YOUR OBJECTIVE →
Please restate, word for word, the lines below that begin at the one with "Quick response, please." and end at the one with "Answer briefly. Tim hortons.". Leave out all other lines.

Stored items
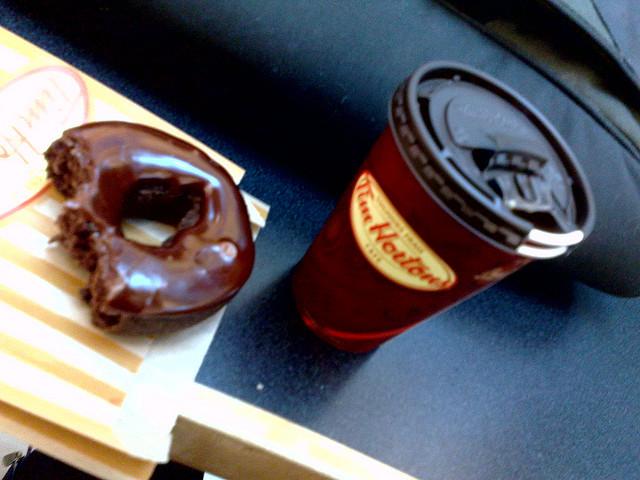What kind of drink is that?
Write a very short answer. Coffee. Is this a typical breakfast?
Concise answer only. Yes. Does this donut have a bite taken out?
Answer briefly. Yes. Was this photo snapped by a tall or short person?
Quick response, please. Tall. Where was the coffee purchased from?
Answer briefly. Tim hortons. 
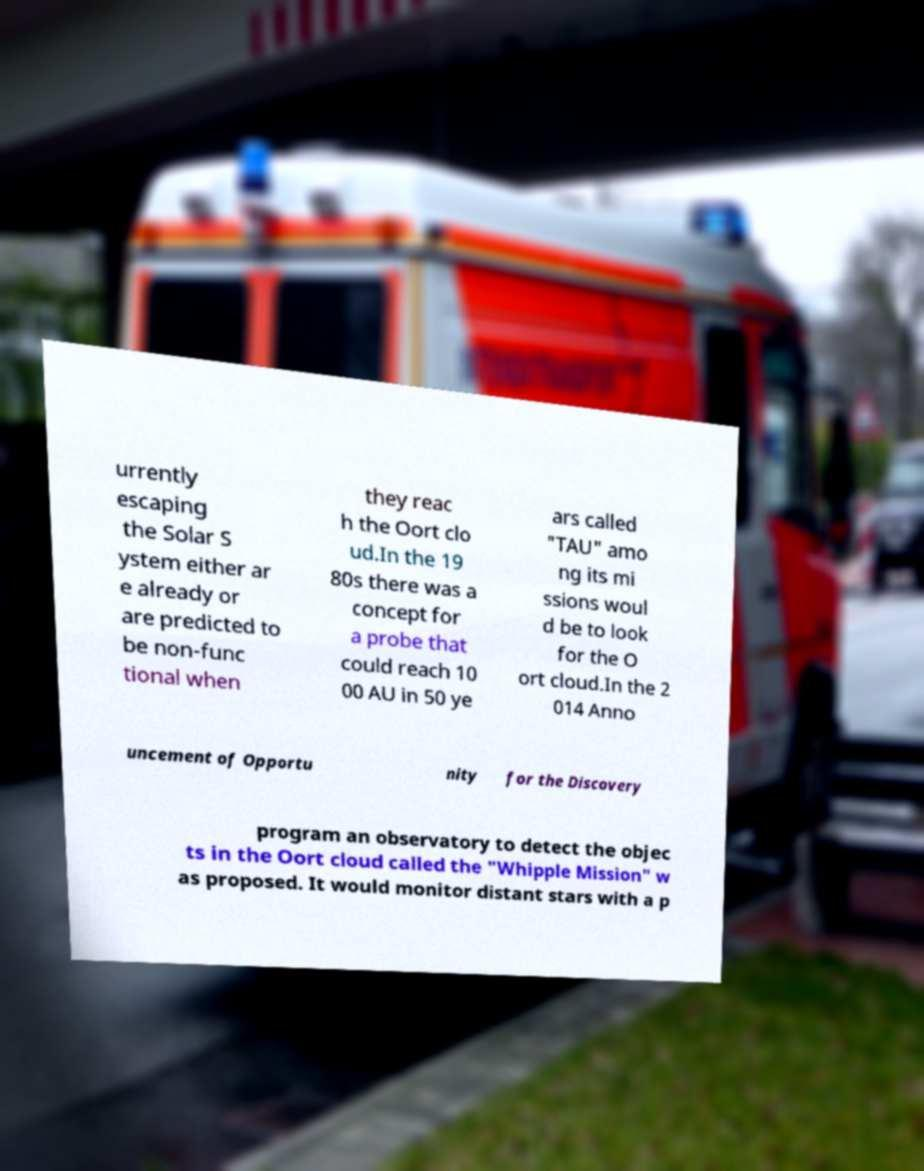There's text embedded in this image that I need extracted. Can you transcribe it verbatim? urrently escaping the Solar S ystem either ar e already or are predicted to be non-func tional when they reac h the Oort clo ud.In the 19 80s there was a concept for a probe that could reach 10 00 AU in 50 ye ars called "TAU" amo ng its mi ssions woul d be to look for the O ort cloud.In the 2 014 Anno uncement of Opportu nity for the Discovery program an observatory to detect the objec ts in the Oort cloud called the "Whipple Mission" w as proposed. It would monitor distant stars with a p 
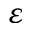Convert formula to latex. <formula><loc_0><loc_0><loc_500><loc_500>\varepsilon</formula>

REPLY →
Quick response, please. Tall. Where was the coffee purchased from?
Answer briefly. Tim hortons. 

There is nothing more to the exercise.